== Excerpted data ==
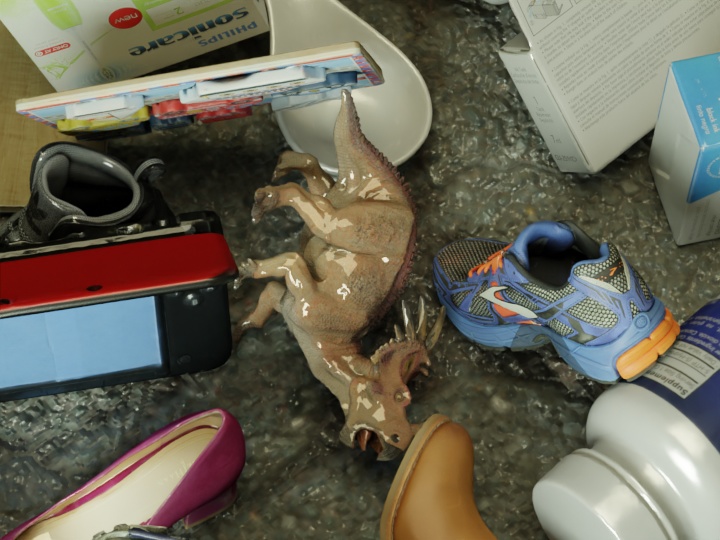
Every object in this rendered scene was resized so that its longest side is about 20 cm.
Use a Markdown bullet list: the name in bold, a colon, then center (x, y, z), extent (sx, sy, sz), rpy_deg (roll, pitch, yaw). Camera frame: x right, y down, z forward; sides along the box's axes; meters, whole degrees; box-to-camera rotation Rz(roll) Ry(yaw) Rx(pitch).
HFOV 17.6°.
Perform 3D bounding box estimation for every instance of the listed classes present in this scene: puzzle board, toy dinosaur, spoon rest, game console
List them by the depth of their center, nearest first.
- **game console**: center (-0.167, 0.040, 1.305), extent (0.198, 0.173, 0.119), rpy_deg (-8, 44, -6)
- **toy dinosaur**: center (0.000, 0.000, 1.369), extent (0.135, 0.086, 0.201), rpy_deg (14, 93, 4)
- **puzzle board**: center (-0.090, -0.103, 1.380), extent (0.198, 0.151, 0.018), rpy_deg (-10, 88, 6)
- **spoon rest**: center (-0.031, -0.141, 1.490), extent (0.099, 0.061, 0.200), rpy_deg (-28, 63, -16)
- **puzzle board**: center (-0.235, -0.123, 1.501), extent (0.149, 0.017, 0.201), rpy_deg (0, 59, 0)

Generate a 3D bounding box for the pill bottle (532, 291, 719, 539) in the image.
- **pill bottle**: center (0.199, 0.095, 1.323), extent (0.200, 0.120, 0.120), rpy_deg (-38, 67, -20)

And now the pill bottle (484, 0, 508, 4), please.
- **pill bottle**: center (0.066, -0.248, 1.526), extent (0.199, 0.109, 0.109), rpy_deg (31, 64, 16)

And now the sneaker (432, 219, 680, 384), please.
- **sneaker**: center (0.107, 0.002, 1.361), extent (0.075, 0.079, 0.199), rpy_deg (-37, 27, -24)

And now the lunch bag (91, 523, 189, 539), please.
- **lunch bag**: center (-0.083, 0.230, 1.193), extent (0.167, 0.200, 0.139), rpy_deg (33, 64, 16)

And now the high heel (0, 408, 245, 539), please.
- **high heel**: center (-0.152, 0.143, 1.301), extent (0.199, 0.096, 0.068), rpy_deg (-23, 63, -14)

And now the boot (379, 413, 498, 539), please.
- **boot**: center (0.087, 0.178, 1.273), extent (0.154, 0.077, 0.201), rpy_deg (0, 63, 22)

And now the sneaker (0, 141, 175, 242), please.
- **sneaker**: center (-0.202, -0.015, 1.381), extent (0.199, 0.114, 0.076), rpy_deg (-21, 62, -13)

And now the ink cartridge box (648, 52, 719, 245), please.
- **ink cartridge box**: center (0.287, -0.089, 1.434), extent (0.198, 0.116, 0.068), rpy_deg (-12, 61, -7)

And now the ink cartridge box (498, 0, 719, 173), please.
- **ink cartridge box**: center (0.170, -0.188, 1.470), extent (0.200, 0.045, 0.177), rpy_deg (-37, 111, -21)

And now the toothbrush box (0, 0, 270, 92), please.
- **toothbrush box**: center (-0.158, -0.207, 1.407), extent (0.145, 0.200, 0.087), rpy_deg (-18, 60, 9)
===
== Excerpted data ==
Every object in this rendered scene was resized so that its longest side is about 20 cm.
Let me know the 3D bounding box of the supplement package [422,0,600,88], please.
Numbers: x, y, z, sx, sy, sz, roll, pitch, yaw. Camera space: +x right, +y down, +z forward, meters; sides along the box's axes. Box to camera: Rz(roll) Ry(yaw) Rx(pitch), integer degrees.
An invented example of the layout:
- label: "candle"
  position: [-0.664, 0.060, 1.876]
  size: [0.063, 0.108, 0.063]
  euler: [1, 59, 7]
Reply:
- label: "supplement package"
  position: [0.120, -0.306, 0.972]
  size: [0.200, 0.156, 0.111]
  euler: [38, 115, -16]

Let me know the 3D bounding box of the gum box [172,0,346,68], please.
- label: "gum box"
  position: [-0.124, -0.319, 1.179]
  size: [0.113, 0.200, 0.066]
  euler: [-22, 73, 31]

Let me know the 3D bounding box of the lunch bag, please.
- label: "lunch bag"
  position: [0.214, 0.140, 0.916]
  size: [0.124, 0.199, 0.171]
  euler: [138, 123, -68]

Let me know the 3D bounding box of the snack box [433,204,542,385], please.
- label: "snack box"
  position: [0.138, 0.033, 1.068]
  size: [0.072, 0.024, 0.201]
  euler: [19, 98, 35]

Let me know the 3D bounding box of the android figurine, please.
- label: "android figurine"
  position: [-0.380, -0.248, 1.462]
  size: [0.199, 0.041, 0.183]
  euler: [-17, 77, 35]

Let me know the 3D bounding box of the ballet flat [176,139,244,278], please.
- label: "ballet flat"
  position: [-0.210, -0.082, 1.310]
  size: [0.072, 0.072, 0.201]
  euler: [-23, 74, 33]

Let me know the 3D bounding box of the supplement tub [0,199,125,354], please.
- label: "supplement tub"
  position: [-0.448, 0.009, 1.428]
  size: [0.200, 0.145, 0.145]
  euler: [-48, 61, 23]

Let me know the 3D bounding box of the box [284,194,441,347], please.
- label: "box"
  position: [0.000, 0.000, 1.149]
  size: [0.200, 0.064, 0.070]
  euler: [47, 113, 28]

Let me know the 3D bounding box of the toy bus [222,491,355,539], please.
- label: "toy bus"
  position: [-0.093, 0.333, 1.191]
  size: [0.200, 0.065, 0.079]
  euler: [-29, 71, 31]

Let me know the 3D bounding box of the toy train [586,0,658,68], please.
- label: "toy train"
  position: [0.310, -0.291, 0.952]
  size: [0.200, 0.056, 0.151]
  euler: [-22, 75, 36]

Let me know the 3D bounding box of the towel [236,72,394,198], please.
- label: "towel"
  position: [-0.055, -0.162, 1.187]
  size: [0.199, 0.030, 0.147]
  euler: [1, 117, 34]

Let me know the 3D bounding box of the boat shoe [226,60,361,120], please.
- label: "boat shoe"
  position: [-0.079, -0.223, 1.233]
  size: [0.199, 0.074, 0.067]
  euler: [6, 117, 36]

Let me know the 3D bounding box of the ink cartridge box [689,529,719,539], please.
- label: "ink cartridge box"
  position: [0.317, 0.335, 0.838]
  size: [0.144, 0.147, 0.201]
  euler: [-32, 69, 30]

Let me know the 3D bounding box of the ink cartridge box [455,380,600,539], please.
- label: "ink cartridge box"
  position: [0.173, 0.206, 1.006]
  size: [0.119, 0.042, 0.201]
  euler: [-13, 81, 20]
===
== Excerpted data ==
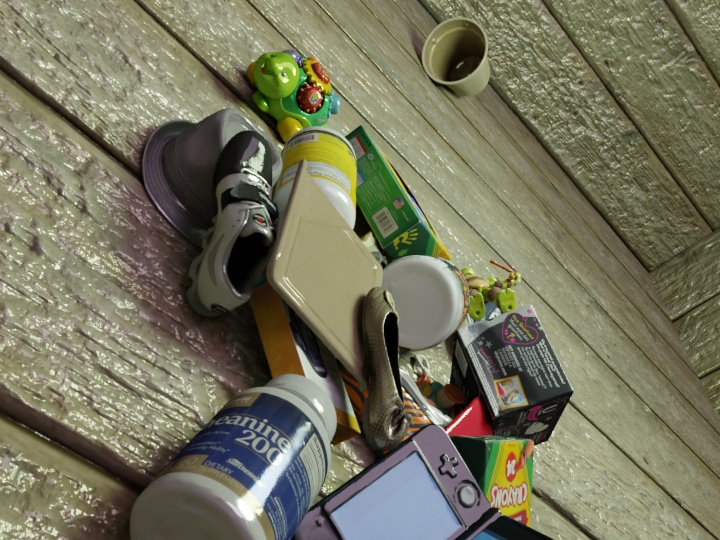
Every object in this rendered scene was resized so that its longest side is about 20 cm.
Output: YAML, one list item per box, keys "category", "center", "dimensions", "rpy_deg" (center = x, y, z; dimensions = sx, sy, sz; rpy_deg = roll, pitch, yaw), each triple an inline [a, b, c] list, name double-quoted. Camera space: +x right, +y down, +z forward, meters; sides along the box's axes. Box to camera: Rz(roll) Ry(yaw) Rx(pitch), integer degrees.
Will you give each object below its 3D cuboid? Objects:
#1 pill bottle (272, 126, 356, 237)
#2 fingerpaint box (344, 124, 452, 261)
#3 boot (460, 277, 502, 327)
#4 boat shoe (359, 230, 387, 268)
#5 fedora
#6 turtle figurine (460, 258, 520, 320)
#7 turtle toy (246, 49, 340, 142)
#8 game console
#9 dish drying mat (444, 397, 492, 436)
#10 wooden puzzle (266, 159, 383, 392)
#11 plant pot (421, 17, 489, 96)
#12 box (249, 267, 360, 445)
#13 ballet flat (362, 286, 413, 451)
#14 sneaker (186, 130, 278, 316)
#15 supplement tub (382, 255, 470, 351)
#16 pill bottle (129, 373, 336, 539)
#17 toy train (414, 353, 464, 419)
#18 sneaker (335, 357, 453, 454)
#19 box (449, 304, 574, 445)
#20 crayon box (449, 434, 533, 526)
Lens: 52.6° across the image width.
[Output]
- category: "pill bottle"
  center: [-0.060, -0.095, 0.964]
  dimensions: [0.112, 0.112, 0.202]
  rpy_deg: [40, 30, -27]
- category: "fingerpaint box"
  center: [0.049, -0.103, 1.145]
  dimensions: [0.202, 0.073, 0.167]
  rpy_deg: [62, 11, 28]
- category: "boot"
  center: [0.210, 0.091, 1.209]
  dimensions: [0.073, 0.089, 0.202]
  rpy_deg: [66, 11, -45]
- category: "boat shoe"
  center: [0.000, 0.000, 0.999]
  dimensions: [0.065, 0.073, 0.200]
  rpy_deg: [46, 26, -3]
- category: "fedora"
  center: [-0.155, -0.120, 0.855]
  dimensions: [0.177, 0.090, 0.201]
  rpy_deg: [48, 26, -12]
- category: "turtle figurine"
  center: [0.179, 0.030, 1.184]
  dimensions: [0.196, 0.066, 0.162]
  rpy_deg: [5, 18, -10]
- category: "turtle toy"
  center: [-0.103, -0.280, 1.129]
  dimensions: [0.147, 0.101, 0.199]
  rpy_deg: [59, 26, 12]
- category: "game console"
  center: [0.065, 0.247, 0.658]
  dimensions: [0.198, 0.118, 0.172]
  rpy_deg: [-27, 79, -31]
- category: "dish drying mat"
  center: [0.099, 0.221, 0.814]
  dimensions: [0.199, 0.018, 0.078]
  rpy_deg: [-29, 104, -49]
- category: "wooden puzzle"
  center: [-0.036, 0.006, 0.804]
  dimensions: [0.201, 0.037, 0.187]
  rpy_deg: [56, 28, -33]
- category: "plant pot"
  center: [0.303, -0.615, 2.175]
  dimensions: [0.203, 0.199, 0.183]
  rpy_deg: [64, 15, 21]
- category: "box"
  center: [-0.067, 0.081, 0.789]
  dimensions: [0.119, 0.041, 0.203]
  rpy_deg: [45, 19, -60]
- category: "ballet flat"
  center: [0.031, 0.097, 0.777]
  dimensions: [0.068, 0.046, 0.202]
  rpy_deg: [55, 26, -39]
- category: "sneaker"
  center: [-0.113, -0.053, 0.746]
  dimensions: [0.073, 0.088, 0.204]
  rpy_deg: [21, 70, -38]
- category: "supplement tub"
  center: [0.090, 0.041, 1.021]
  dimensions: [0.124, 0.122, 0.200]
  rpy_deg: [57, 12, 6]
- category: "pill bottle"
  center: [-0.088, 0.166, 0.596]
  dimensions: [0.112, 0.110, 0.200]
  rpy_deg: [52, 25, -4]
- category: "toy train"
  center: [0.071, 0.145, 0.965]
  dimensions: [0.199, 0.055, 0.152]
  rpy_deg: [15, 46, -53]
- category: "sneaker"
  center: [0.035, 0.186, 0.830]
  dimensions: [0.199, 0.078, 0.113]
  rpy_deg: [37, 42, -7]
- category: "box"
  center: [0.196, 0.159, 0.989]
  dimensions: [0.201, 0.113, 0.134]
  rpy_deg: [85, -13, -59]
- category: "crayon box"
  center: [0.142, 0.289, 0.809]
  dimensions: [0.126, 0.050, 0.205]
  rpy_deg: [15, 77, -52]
===
# Task directions
Copy out each line of the data above, exactly, if it lies between the line holding "Output: YAML, one" and the line holding "Lens: 52.6° across the image width.", inclusive; copy no other line.

# Result
Output: YAML, one list item per box, keys "category", "center", "dimensions", "rpy_deg" (center = x, y, z; dimensions = sx, sy, sz; rpy_deg = roll, pitch, yaw), each triple an inline [a, b, c] list, name double-quoted. Camera space: +x right, +y down, +z forward, meters; sides along the box's axes. Box to camera: Rz(roll) Ry(yaw) Rx(pitch), integer degrees.
Will you give each object below its 3D cuboid? Objects:
#1 pill bottle (272, 126, 356, 237)
#2 fingerpaint box (344, 124, 452, 261)
#3 boot (460, 277, 502, 327)
#4 boat shoe (359, 230, 387, 268)
#5 fedora
#6 turtle figurine (460, 258, 520, 320)
#7 turtle toy (246, 49, 340, 142)
#8 game console
#9 dish drying mat (444, 397, 492, 436)
#10 wooden puzzle (266, 159, 383, 392)
#11 plant pot (421, 17, 489, 96)
#12 box (249, 267, 360, 445)
#13 ballet flat (362, 286, 413, 451)
#14 sneaker (186, 130, 278, 316)
#15 supplement tub (382, 255, 470, 351)
#16 pill bottle (129, 373, 336, 539)
#17 toy train (414, 353, 464, 419)
#18 sneaker (335, 357, 453, 454)
#19 box (449, 304, 574, 445)
#20 crayon box (449, 434, 533, 526)
Lens: 52.6° across the image width.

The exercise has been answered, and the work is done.